2015年4月27日月曜日

汚点(個人の回想録)4

前回に記事で(世界賃金格差の現実1)、グレーゾーンだったバーチャル売春がアダルトSIMと言う形でリンデン社に容認された経緯を書きました。今回は同じくグレーゾーンにあったカジノがどの様にして全面禁止に至ったか?を書いて行きます。

第3話。世界賃金格差の現実2。

2007年春に、アメリカ経済誌(フォーブスだったと記憶しています。)の表紙に、前回の記事で紹介したミリオンダラーを稼いだアバターが掲載されます。これは極めて異例の事で、世界中のマスメディアが挙ってこの事を紹介し、セカンドライフは人気が爆発します。

このメディアの動きと同調し、アメリカ議会がセカンドライフの仮想通貨の是非を改めて問う事になります。仮想通貨でマネーロンダリングの可能性が追求されました。これは丁度、昨年話題になったビットコインの時と似た状況でした。

当時グレーゾーンではありましたが、セカンドライフ内のカジノは一定の顧客支持を集め、リンデン社にとって大きな収入源になっっていました。アメリカ資本のカジノもありましたが、その多くは香港やマカオあるいはシンガポールの資本が流れ込み、アメリカの司法の及ばない範囲に拡大していました。

この事により、マネーロンダリングだけではなく、アメリカがテロ支援国家と表明している第3国に不正送金されたケースも確認され、大きな問題に発展します。

当時セカンドライフ内では、こういったカジノ経営者たちが富の再分配と言ってマネーツリーというオブジェクトを設置し、カジノ経営と同時にセカンドライフ内でお金を持たない無料参加の参加者へ仮想通貨を分け与える事で、一定の仮想通貨の循環が行われていました。

マネーツリーは、そこをあさる事でランダムに点滅する1リンデンドルのアバターへ送金手続きが行われます。運がよければ10分間に5リンデンドルを得る事もできましたが、運が悪ければ3リンデンドルに届かない時もあります。

私はこの事に衝撃を受けます。複数のアバターがマネーツリーを漁る光景を、モニターの向こう側で富の再分配を行っている人たちが、砂糖に群がる蟻を見るように半ば馬鹿にしながら眺めているのでは無いだろうか?といった衝撃でした。

またわずか数十リンデンドル、日本円で数十円のために日本人が貴重な時間を無駄にしてほしくない。日本なら一時間でこの何十倍も稼げるわけだし。同時に、この数十リンデンドルが、実世界の時間給を上回る国や地域の方の邪魔を日本人が行うべきではない。そう思いました。

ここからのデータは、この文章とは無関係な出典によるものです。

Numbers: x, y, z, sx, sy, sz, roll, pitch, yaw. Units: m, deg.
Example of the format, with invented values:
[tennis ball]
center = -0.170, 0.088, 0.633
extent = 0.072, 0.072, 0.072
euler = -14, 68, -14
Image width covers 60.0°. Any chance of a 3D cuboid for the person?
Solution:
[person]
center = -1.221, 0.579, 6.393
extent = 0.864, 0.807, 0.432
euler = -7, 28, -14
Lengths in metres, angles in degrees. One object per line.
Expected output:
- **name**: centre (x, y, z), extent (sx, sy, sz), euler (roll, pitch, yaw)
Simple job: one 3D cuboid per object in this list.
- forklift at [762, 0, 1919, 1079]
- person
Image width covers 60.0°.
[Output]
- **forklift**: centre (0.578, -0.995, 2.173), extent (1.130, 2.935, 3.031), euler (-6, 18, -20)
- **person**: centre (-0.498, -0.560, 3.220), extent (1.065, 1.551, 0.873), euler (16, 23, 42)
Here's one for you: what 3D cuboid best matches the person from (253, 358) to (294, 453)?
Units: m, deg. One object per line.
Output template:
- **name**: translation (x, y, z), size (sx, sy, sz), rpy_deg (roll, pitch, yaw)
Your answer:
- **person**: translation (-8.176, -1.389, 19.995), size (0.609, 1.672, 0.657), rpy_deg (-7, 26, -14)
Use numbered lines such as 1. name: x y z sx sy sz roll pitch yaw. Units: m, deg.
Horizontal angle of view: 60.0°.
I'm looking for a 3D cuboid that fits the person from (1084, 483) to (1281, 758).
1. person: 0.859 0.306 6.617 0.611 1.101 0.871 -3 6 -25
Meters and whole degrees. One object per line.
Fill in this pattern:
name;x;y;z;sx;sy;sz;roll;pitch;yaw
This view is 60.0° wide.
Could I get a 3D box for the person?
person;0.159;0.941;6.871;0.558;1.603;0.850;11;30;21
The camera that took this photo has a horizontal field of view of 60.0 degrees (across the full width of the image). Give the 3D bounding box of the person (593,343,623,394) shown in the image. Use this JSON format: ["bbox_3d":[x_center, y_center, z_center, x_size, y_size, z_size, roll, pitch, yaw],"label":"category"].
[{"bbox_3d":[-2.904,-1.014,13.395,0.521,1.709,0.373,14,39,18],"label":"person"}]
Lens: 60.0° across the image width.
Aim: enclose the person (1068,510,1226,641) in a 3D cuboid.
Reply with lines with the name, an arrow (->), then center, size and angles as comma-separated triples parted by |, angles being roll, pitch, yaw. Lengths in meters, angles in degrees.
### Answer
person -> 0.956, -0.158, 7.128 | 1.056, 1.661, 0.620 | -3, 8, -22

そこで私はセカンドライフ内のイベントを通して、参加者に賞金を分け与えるスポーツイベントを開催します。それは主にフットサルの試合でした。実際に試合に参加し、はじめてリンデンドルの報酬を得たという人も居ました。

この賞金は、はじめ私個人のポケットマネーで出資していましたが、のちに協力者を得て賞金を折半で賄っていました。いずれイベントにスポンサーが付いた暁には、賞金をそのスポンサーに任せるつもりだったのです。しかし、これは宝島といったセカンドライフ内のボランティア団体が前面にでた事で、ボランティアとしての資金の流れが不透明になると言った理由で、企業による資金協力の道が断たれます。

また、この資金の流れが不透明である、といった誤解が私自身に降りかかり、後に追い込まれていくわけです。

そんな時アメリカ議会は、ひとつの結論を導き出しました。合衆国憲法ではカジノの経営が州を跨ぐ事が出来ません。ネバダ州の条例で通ったカジノでも、ニューヨークやワシントンといったほかの州では、また別の条例に従い通らなければなりません。

個々の州の条例を通過していないカジノは、違法であるといった判断にいたり。セカンドライフ内のカジノは全面禁止になりました。